Effect of using page-able memory for asynchronous

2020-05-23 15:38发布

问题:

In CUDA C Best Practices Guide Version 5.0, Section 6.1.2, it is written that:

In contrast with cudaMemcpy(), the asynchronous transfer version requires pinned host memory (see Pinned Memory), and it contains an additional argument, a stream ID.

It means the cudaMemcpyAsync function should fail if I use simple memory.

But this is not what happened.

Just for testing purpose, I tried the following program:

Kernel:

__global__ void kernel_increment(float* src, float* dst, int n)
{
    int tid = blockIdx.x * blockDim.x + threadIdx.x;

    if(tid<n)   
        dst[tid] = src[tid] + 1.0f;
}

Main:

int main()
{
    float *hPtr1, *hPtr2, *dPtr1, *dPtr2;

    const int n = 1000;

    size_t bytes = n * sizeof(float);

    cudaStream_t str1, str2;

    hPtr1 = new float[n];
    hPtr2 = new float[n];

    for(int i=0; i<n; i++)
        hPtr1[i] = static_cast<float>(i);

    cudaMalloc<float>(&dPtr1,bytes);
    cudaMalloc<float>(&dPtr2,bytes);

    dim3 block(16);
    dim3 grid((n + block.x - 1)/block.x);

    cudaStreamCreate(&str1);
    cudaStreamCreate(&str2);

    cudaMemcpyAsync(dPtr1,hPtr1,bytes,cudaMemcpyHostToDevice,str1);
    kernel_increment<<<grid,block,0,str2>>>(dPtr1,dPtr2,n);
    cudaMemcpyAsync(hPtr2,dPtr2,bytes,cudaMemcpyDeviceToHost,str1);

    printf("Status: %s\n",cudaGetErrorString(cudaGetLastError()));

    cudaDeviceSynchronize();

    printf("Status: %s\n",cudaGetErrorString(cudaGetLastError()));

    cudaStreamDestroy(str1);
    cudaStreamDestroy(str2);

    cudaFree(dPtr1);
    cudaFree(dPtr2);

    for(int i=0; i<n; i++)
        std::cout<<hPtr2[i]<<std::endl;

    delete[] hPtr1;
    delete[] hPtr2;

    return 0;
}

The program gave correct output. The array incremented successfully.

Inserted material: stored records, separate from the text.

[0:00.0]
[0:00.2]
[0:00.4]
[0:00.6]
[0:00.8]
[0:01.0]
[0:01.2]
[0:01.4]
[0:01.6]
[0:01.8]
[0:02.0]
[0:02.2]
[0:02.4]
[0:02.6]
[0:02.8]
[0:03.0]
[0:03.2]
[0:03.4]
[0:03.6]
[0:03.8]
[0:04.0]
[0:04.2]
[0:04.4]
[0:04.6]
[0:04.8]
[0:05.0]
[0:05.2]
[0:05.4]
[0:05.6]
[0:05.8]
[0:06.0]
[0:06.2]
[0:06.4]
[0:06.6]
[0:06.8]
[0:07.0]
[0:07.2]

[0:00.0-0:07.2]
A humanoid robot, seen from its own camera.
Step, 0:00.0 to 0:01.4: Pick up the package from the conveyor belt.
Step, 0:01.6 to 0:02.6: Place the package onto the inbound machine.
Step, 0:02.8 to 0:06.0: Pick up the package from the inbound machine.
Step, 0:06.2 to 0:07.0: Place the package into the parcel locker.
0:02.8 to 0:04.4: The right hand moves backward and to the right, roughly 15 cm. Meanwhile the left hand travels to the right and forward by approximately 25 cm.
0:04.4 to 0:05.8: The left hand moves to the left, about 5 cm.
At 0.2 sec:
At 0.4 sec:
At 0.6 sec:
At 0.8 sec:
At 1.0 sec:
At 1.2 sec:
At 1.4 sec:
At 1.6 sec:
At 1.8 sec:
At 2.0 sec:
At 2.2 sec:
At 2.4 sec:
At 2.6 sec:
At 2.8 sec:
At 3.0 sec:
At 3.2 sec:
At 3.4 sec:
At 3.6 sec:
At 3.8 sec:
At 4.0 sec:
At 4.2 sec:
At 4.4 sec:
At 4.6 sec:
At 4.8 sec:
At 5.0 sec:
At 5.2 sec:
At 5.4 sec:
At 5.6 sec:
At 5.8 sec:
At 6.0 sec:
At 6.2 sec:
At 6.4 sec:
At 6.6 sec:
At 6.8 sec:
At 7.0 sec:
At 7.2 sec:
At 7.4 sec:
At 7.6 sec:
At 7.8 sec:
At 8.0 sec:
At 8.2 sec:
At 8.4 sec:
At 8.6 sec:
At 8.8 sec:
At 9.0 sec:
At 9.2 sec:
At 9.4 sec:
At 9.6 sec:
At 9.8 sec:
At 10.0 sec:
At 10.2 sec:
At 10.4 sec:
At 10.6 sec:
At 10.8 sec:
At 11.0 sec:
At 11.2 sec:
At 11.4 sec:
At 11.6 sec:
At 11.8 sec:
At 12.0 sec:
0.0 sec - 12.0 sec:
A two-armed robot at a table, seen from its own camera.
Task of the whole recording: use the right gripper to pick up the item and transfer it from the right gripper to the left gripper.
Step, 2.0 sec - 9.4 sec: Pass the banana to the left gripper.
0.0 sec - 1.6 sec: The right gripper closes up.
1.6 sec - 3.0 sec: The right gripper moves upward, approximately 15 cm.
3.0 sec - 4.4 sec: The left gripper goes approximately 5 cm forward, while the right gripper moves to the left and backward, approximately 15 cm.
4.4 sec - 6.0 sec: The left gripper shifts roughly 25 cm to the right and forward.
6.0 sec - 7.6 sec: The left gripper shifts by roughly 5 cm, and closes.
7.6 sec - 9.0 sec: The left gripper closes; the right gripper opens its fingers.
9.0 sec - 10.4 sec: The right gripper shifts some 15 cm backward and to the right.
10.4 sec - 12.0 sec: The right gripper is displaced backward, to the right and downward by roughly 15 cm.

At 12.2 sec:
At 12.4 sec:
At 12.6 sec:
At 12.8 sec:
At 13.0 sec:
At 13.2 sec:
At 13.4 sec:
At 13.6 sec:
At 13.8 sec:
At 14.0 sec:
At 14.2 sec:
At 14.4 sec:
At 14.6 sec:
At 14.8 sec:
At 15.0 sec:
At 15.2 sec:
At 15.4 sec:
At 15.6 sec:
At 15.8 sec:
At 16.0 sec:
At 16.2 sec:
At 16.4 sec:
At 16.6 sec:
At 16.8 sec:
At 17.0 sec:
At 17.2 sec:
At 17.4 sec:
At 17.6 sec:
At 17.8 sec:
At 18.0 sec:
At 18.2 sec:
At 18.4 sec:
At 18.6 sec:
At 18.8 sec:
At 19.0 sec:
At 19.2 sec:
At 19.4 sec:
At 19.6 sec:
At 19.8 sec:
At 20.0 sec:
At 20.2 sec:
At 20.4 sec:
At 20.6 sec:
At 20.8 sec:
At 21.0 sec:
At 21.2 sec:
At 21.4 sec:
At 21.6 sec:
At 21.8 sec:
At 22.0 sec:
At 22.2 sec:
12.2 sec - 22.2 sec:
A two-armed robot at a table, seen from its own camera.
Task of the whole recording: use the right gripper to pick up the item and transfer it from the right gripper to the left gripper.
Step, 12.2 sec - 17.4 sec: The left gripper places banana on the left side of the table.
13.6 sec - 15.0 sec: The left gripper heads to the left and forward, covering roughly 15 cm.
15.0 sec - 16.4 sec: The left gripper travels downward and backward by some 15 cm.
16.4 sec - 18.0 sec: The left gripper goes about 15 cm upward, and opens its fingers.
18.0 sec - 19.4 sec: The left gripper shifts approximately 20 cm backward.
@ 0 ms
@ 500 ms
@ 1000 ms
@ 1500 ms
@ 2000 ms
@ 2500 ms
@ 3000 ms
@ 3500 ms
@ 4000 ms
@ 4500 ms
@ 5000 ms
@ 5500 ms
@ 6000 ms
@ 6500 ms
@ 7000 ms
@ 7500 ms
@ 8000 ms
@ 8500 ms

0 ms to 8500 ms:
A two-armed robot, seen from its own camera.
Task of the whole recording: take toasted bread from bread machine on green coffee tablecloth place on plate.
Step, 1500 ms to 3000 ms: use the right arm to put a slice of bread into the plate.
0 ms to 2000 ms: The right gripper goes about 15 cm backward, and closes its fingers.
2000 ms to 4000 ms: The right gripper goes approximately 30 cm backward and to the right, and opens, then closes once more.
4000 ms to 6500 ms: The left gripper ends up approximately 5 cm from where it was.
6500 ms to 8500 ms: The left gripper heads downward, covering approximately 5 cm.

How did cudaMemcpyAsync execute without page locked memory? Am I missing something here?

回答1:

cudaMemcpyAsync is fundamentally an asynchronous version of cudaMemcpy. This means that it doesn't block the calling host thread when the copy call is issued. That is the basic behaviour of the call.

Optionally, if the call is launched into the non default stream, and if the host memory is a pinned allocation, and the device has a free DMA copy engine, the copy operation can happen while the GPU simultaneously performs another operation: either kernel execution or another copy (in the case of a GPU with two DMA copy engines). If any of these conditions are not satisfied, the operation on the GPU is functionally identical to a standard cudaMemcpy call, ie. it serialises operations on the GPU, and no simultaneous copy-kernel execution or simultaneous multiple copies can occur. The only difference is that the operation doesn't block the calling host thread.

In your example code, the host source and destination memory are not pinned. So the memory transfer cannot overlap with kernel execution (ie. they serialise operations on the GPU). The calls are still asynchronous on the host. So what you have is functionally equivalent to:

cudaMemcpy(dPtr1,hPtr1,bytes,cudaMemcpyHostToDevice);
kernel_increment<<<grid,block>>>(dPtr1,dPtr2,n);
cudaMemcpy(hPtr2,dPtr2,bytes,cudaMemcpyDeviceToHost);

with the exception that all the calls are asynchronous on the host, so the host thread blocks at the cudaDeviceSynchronize() call rather than at each of the memory transfer calls.

This is absolutely expected behaviour.